Submitted by monkeyrape (user info) at 2004-08-04 19:45:50 EDT (#)
Ranking: 0

fuck that, bums don't work for shit, they stand around at motherfuckin' 7/11 asking for donations for their drinking fund. Fuck bums, they never do shit to earn fuck. Hookers, waste themselves and bleed for the dollar. Thats dedication you'll never find on wallstreet my blind friend. Someone worthless, for someone that earns money with all they have left.

Submitted by FartSmeller (user info) at 2004-08-04 19:44:22 EDT (#)
Ranking: 0

Hmm. First of all, lojope, if this really happened, then that sucks, I was molested at a very young age by a family member, and it's humiliating. If not, and you're spinning a hit-whore tale, then you are a true piece of shit.

QueenAshlee, stop. You're making yourself look like an idiot, and telling people to "die" like you did with squattail is as stale as duck bread. At least it wasn't a sign of true misfiring like your "you know nothing about Uber" assault on a long-time user.
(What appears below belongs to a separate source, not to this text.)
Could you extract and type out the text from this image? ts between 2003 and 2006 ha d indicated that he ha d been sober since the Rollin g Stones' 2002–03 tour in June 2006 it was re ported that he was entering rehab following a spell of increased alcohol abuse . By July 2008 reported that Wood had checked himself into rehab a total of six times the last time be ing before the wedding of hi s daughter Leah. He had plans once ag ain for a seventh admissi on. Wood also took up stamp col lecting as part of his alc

Submitted by yidele (user info) at 2004-08-04 19:39:14 EDT (#)
Ranking: 0

looks down on hookers? I guess he has to if on top.

But really now, who doesn't look down on hookers? even the hookers do, because they know that as far as the scale of personal worth is concerned, whores are at the literal bottom. Street dwelling, dumpster diving, rotten food chowing flea infested bums are inherently more worthwhile than a Man or a Woman who has decided to parlay cum for cash. There are really only two acts which mark a human being for life - one is murder and the other prostitution. I respect murderers more.
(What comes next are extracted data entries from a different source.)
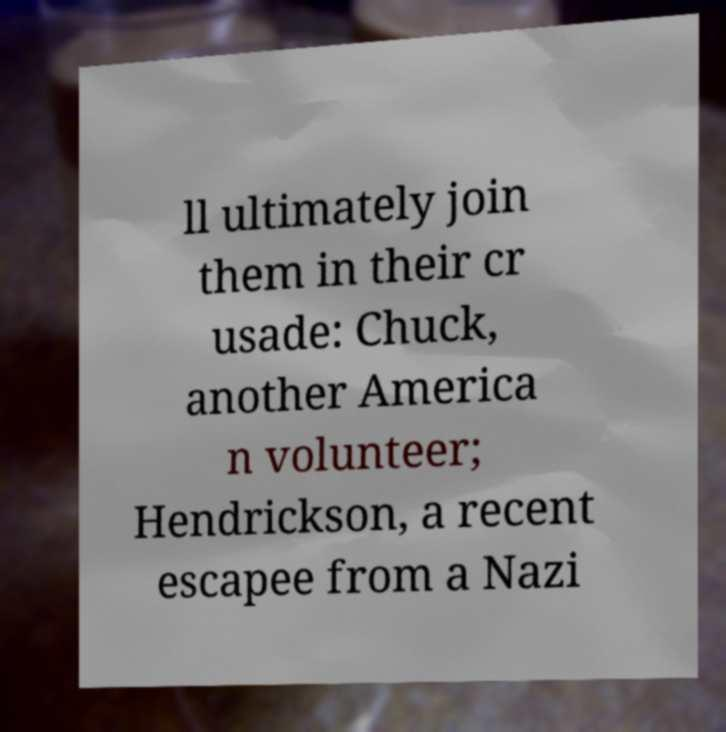For documentation purposes, I need the text within this image transcribed. Could you provide that? ll ultimately join them in their cr usade: Chuck, another America n volunteer; Hendrickson, a recent escapee from a Nazi 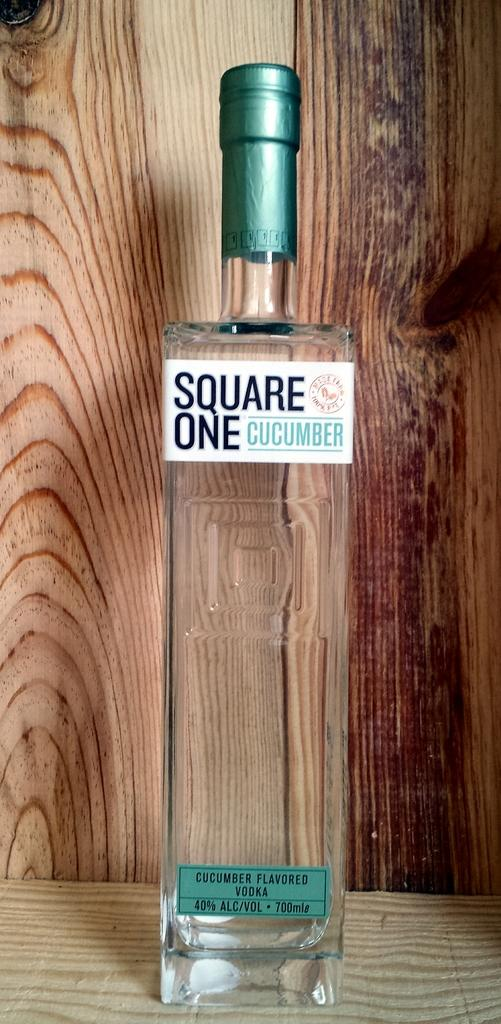<image>
Summarize the visual content of the image. A rectangle bottle of cucumber vodka standing in a wooden presentation box. 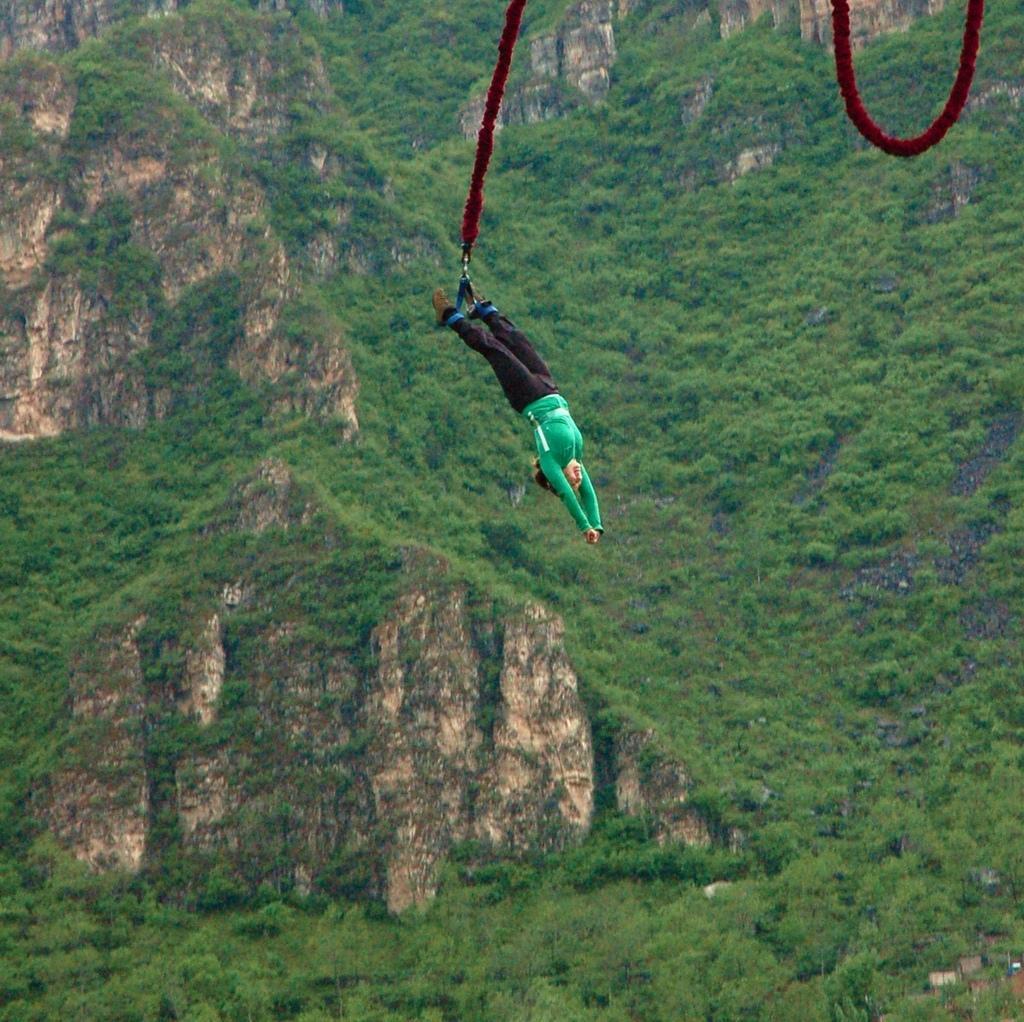Describe this image in one or two sentences. In the image there is a person performing bungee jumping, behind the person there is a huge mountain in the background.

Submitted by monkeyrape (user info) at 2004-08-04 19:36:59 EDT (#)
Ranking: 0

Hookers are good people. They need to make a living just like everyone else.
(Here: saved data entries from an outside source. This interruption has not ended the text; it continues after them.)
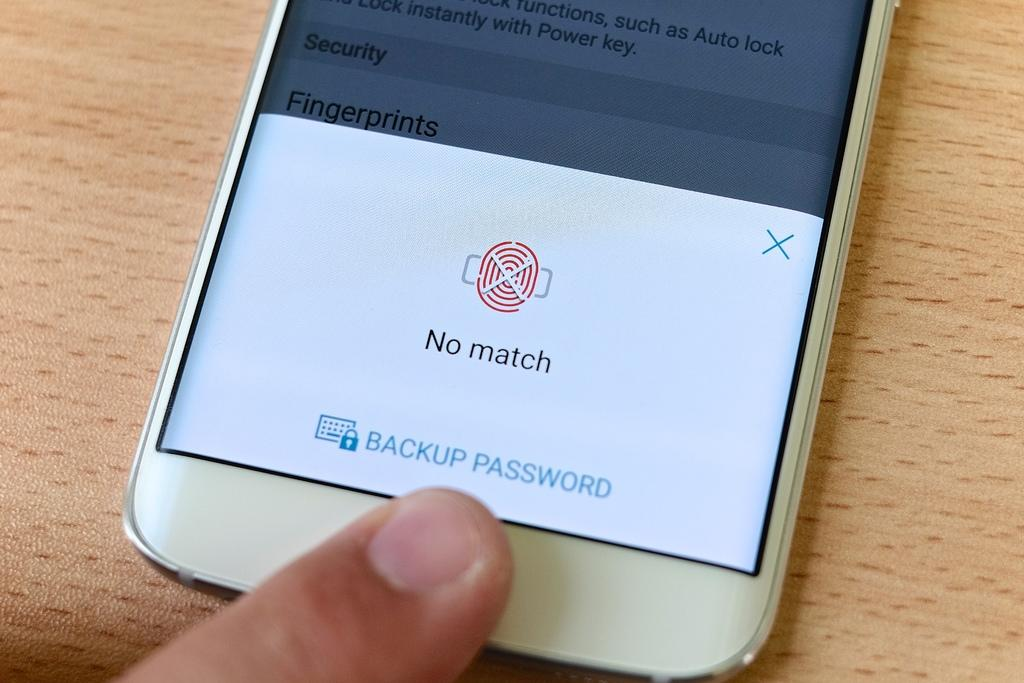<image>
Render a clear and concise summary of the photo. A cell phone displaying a "no match" fingerprints message 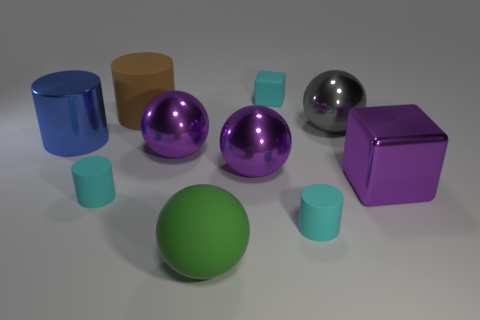What number of objects are metallic objects behind the blue shiny object or tiny blue metal cylinders?
Give a very brief answer. 1. The cube that is the same material as the large green sphere is what size?
Provide a short and direct response. Small. Do the brown thing and the cube behind the big gray thing have the same size?
Give a very brief answer. No. There is a thing that is both right of the big green matte object and behind the large gray shiny thing; what is its color?
Your response must be concise. Cyan. How many objects are either rubber objects that are in front of the large blue cylinder or tiny cyan matte objects right of the brown rubber thing?
Your response must be concise. 4. The big metal block that is to the right of the small rubber cylinder that is on the right side of the small cylinder to the left of the brown matte cylinder is what color?
Your answer should be very brief. Purple. Is there another large object that has the same shape as the blue shiny thing?
Give a very brief answer. Yes. How many small blue matte things are there?
Provide a succinct answer. 0. What is the shape of the green thing?
Your answer should be very brief. Sphere. What number of green objects are the same size as the brown matte cylinder?
Provide a short and direct response. 1. 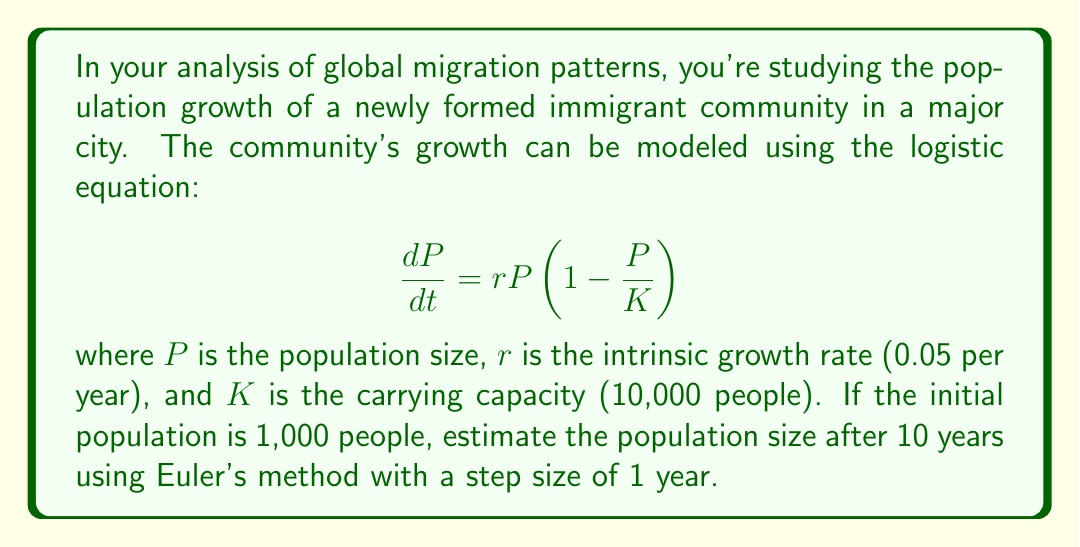Can you answer this question? To solve this problem, we'll use Euler's method to approximate the population size after 10 years. The steps are as follows:

1) Euler's method is given by the formula:
   $$P_{n+1} = P_n + h \cdot f(t_n, P_n)$$
   where $h$ is the step size, and $f(t, P) = rP(1 - \frac{P}{K})$

2) Given:
   - Initial population $P_0 = 1,000$
   - Growth rate $r = 0.05$ per year
   - Carrying capacity $K = 10,000$
   - Step size $h = 1$ year
   - Number of steps $n = 10$

3) We'll iterate 10 times, once for each year:

   For $n = 0$:
   $$P_1 = 1000 + 1 \cdot (0.05 \cdot 1000 \cdot (1 - \frac{1000}{10000})) = 1045$$

   For $n = 1$:
   $$P_2 = 1045 + 1 \cdot (0.05 \cdot 1045 \cdot (1 - \frac{1045}{10000})) = 1088.51$$

   We continue this process for the remaining 8 steps.

4) After 10 iterations, we get:
   $$P_{10} \approx 1456.22$$

Therefore, the estimated population size after 10 years is approximately 1,456 people.
Answer: 1,456 people

Submitted by shandythedog (user info) at 2004-08-04 19:23:25 EDT (#)
Ranking: 0

chipolatte,

in common with a lot of morons on this site, you seem to look down on hookers.

that's not very nice.

Submitted by monkeyrape (user info) at 2004-08-04 19:15:06 EDT (#)
Ranking: -2

lets all hold hands and cry...fuck rape vitims.

Submitted by lojope (user info) at 2004-08-04 19:09:50 EDT (#)
Ranking: 0

Damn it. That last reply was from me, I didn't realize Durae was logged in on my computer.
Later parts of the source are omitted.